Son jeu paraît indéniablement lié aux émotions qu’il traverse. Très engagé dans le jeu depuis son très jeune âge, réalisant très tôt des entraînements très exigeants physiquement et mentalement, la bulle va mettre en avant ce que lui coûtent ses grandes performances.
Dès le premier tour, opposés au Jazz et à un Donovan Mitchell incandescent, les Nuggets vont se reposer sur un Jamal Murray incapable de manquer un tir pour suivre le rythme. Les réactions de Murray à ses actions, sont comme souvent quand il est dans cet état second, exacerbées. Mais ce qui est marquant, c’est probablement Jamal, en larmes à la fin du match, incapable de contenir l’effort et les émotions du match. Et l’actualité du moment, certainement.
Une fois en Playoffs, tout s’exacerbe, l’actualité, les émotions, les enjeux et tout cela s’intrique avec la manière dont il aborde ses matchs, et donc la manière dont il joue. Les images de Murray craquant complètement à l’issue des matchs, parmi les plus marquantes de la bulle, sont je crois un trait tant de sa personnalité, que de sa manière de jouer au basketball.
Aujourd’hui, Jamal Murray a désormais 26 ans, il arrive dans ce que l’on considère généralement le sommet de la carrière d’un basketteur. Il a été forgé par un père aux méthodes très brutales : entraînements sans fin à travailler son physique ou ses gestes, entraînements dans des conditions météorologiques désastreuses, conditionnement à la douleur, rien ne lui fut épargné.
Il a travaillé inlassablement, étant largement considéré comme le bourreau de travail de cet effectif de Denver.
Et puis, en 2021, il a su qu’il devrait vivre une épreuve d’un autre genre : une rupture des ligaments croisés. Dévasté par la nouvelle, il demandait le soir-même à Michael Malone s’il allait être échangé, se considérant comme un “bien endommagé. La franchise a cru en lui, a fait preuve de patience pour lui permettre de revenir. Il a traversé ce long processus, a regardé en larmes l’élimination des siens face aux Suns en 2021, a patienté toute la saison suivante pour s’offrir ce retour.

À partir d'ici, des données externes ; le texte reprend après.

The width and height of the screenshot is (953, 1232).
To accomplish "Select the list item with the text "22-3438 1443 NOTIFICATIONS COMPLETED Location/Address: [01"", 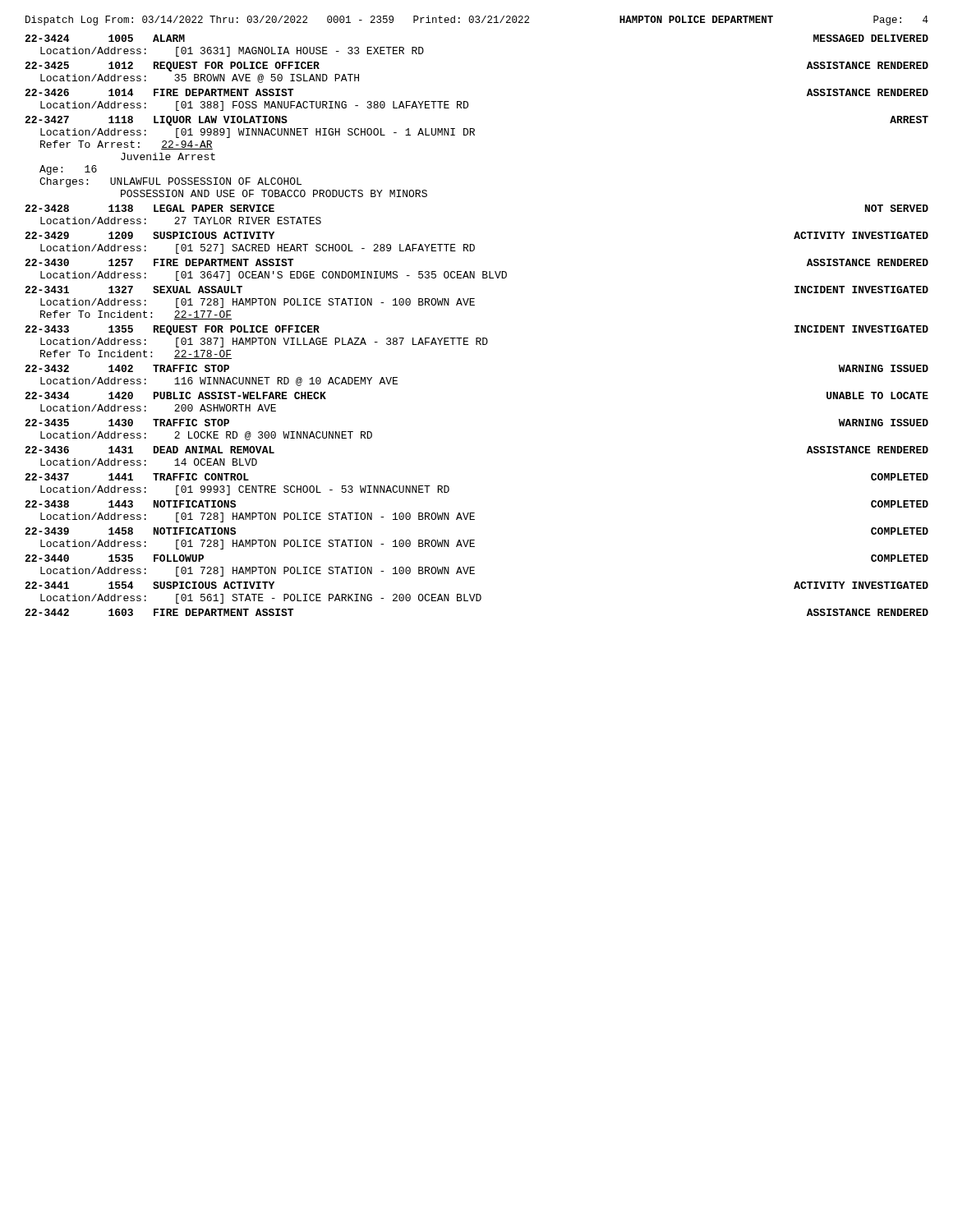I will 476,511.
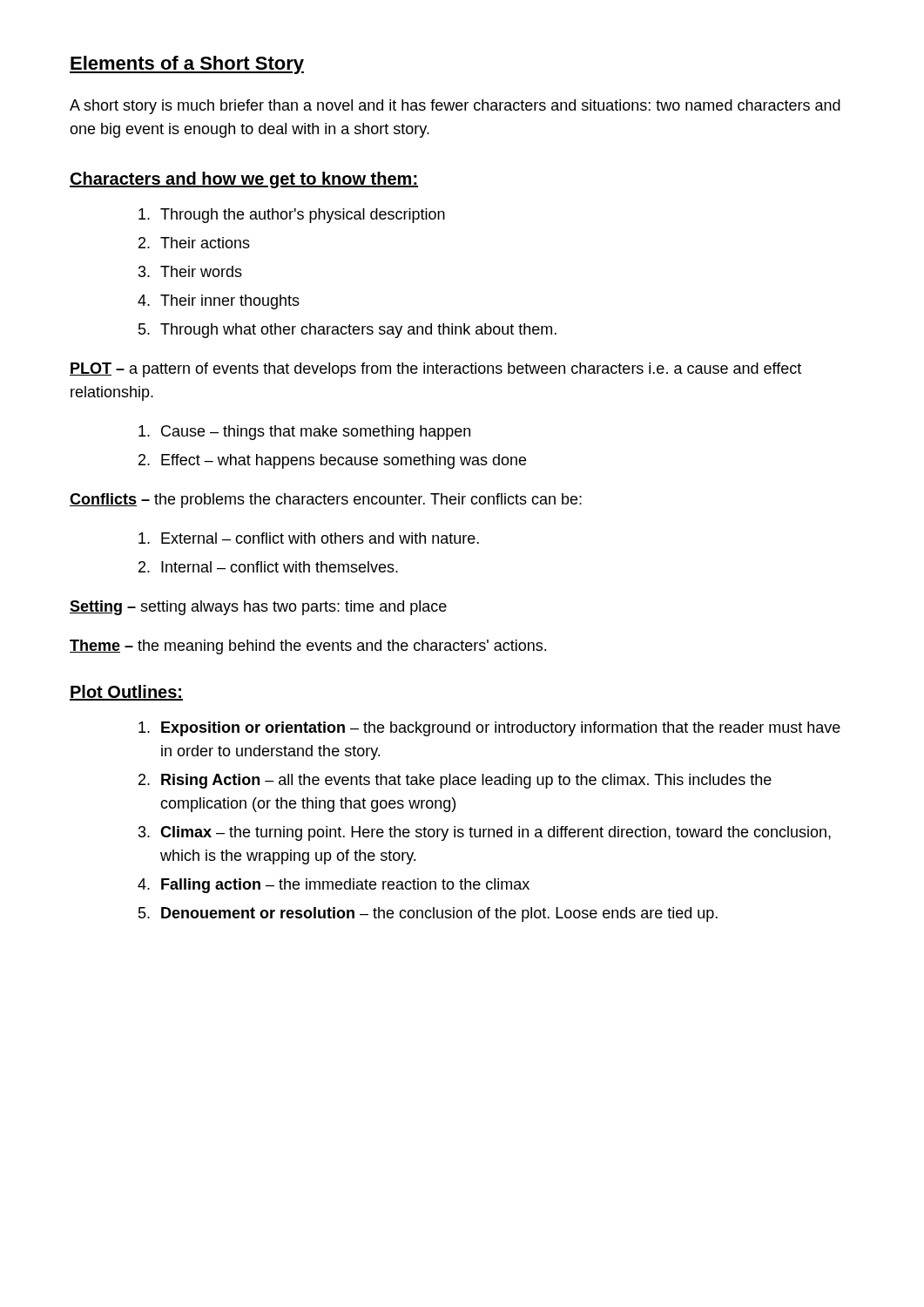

Si les attentes sur sa première saison étaient mesurées, Jamal Murray a prouvé beaucoup de choses. Il a démontré qu’il était bel et bien de retour. Il a prouvé qu’il était meilleur que jamais. Il a confirmé que ses Playoffs 2020 n’étaient pas une erreur, mais la promesse d’un grand avenir.
Surtout, il a écrit sous nos yeux son mythe. Celui qu’on retiendrait comme le bon joueur de saison régulière, qui devenait une star NBA quand l’heure des Playoffs sonnait.